Dans Eloge de la Fuite, Henri Laborit expose sa vision du monde et de l'homme : dans des chapitres aux titres courts et essentiels comme “L'amitié”, “le temps”, “l'amour”, “la mort”, “la politique” ou encore “le travail”.

“Je souffre, et je cherche à me fuir” confessait le jeune Werther de Goethe. Laborit observe ses semblables, et en conclut que face aux évènements nous n'avons comme alternative que la lutte, le combat qui ne peut se solder que par la domination des uns sur les autres (d'ailleurs pour Laborit notre Histoire entière n'est que l'histoire de la dominance de l'homme sur l'homme). Laborit douche également les espoirs des révolutionnaires et autres anti-conformistes autoproclamés qui ne font qu'épouser un conformisme alternatif, construit en miroir de ce qu'ils dénoncent et reproduisant les mêmes échelles hiérarchiques de dominance et dès qu'il gagne sur un plan politique oublie les idéaux premiers qui l'avaient fait naître.

Si ce n'est pas la lutte alors c'est l'inhibition de l'action, mais contrairement à l'agressivité défensive, la rébellion, qui n'entrainent pas de problèmes psychosomatiques les paramètres vitaux restants stables, le repli sur soi lui engendre les maladies psychiatriques, stress, anxiété, dépression, maladies auto-immunes et chroniques, qui peuvent toucher tous nos organes (système immunitaire, estomac, cerveau, épiderme etc) et conduire à une violence envers soi-même, parfois irrémédiable.

Seule alternative ? La fuite.
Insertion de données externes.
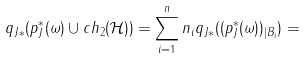<formula> <loc_0><loc_0><loc_500><loc_500>q _ { J * } ( p _ { J } ^ { * } ( \omega ) \cup c h _ { 2 } ( \mathcal { H } ) ) = \sum _ { i = 1 } ^ { n } n _ { i } q _ { J * } ( ( p _ { J } ^ { * } ( \omega ) ) _ { | B _ { i } } ) =</formula> 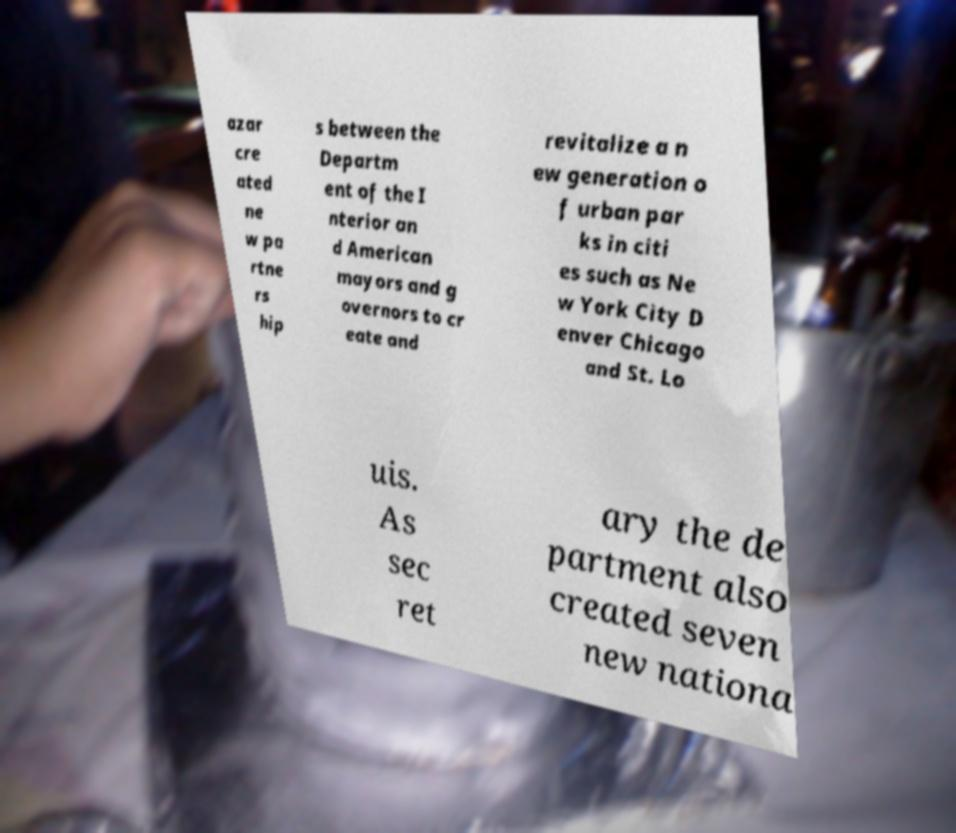Could you assist in decoding the text presented in this image and type it out clearly? azar cre ated ne w pa rtne rs hip s between the Departm ent of the I nterior an d American mayors and g overnors to cr eate and revitalize a n ew generation o f urban par ks in citi es such as Ne w York City D enver Chicago and St. Lo uis. As sec ret ary the de partment also created seven new nationa 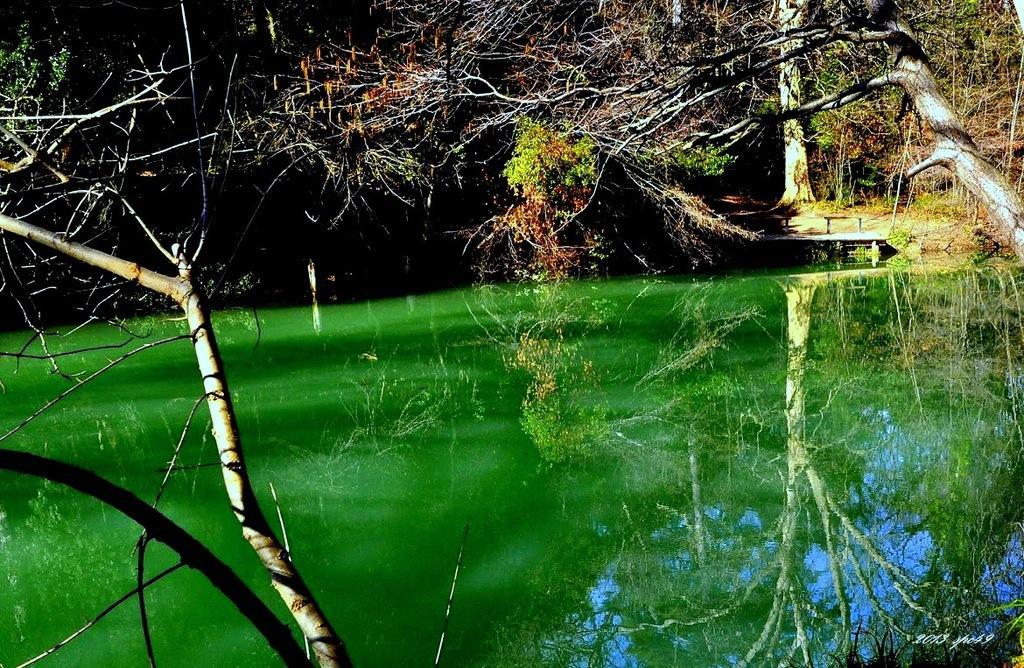Could you give a brief overview of what you see in this image? In this image we can see some trees, plants and other objects. At the bottom of the image there is water. On the water we can see some reflections. On the left and the right side of the image we can see a tree. On the image there is a watermark. 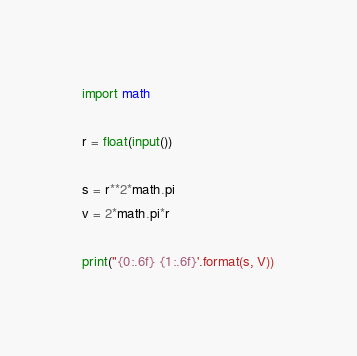<code> <loc_0><loc_0><loc_500><loc_500><_Python_>import math

Mais dans le monde moderne, notamment celui du travail où la précarité menace et où le lien de subordination juridique va de pair avec a dépendance socio-économique on ne peut pas lutter contre son patron et on ne peut davantage fuir à sa guise du moins pas toujours et pas tout de suite... Alors où fuir ? dans l'imaginaire, avec ou sans drogues (rappelons que Laborit est à l'origine de la synthétisation médicale du GHB…), la fuite est aussi l'origine de l'art, de la créativité et elle permet de modéliser un monde débarrassé de prémisses contingents que l'on veut nous faire croire naturels et nécessaires.

En fuyant on réinvente, on réenchante, on recréé d'où le lien entre la science, la médecine et la politique. L'apport du scientifique sur les phénomènes de domination c'est encore l'analyse des stimulations neuronales induites par la gratification, que l'on veut pérenniser, que provoque la jouissance des objets et des êtres, ainsi la domination, l'appropriation d'un territoire et le sentiment de propriété que l'on peut ressentir vis à vis d'autrui viennent d'un déterminisme du à notre constitution psychique, dans notre cerveau reptilien, se dessine aussi une vision démystificatrice de “l'amour” notamment.

Démystifiée également sa vision libertaire de la société et du travail: la clé de la dominance est mise à nue : c'est la détention de l'information professionnelle, plus cette dernière est abstraite plus l'individu, le travailleur, grimpe dans l'échelle sociale : “quel que soit le type d'idéologie, toutes admettent que l'homme représente d'abord un moyen de production puisque toutes établissent leurs échelles hiérarchiques sur le degré d'abstraction atteint dans l'information professionnelle.”

Laborit participa à plusieurs reprises à des émissions sur Radio Libertaire mais n'aimait pas l'étiquette disqualifiante a priori “d'anarchiste”. Néanmoins indéniablement sa réflexion plurielle aide à comprendre ce qui est à l'oeuvre dans la domination que combat cette idéologie, et qu'il faut, selon la philosophe Catherine Malabou, distinguer du pouvoir, le pouvoir étant quelque part l'énergie vitale qui nous permet d'agir sur notre environnement mais d'abord de nous maintenir en vie, de la domination/oppression sur autrui.

Une balade exigeante, aussi séduisante que déconcertante, loin des idées pré-conçues, à relire pour sans doute arriver à s'imprégner plus amplement de la pensée complexe d'un intellectuel très singulier.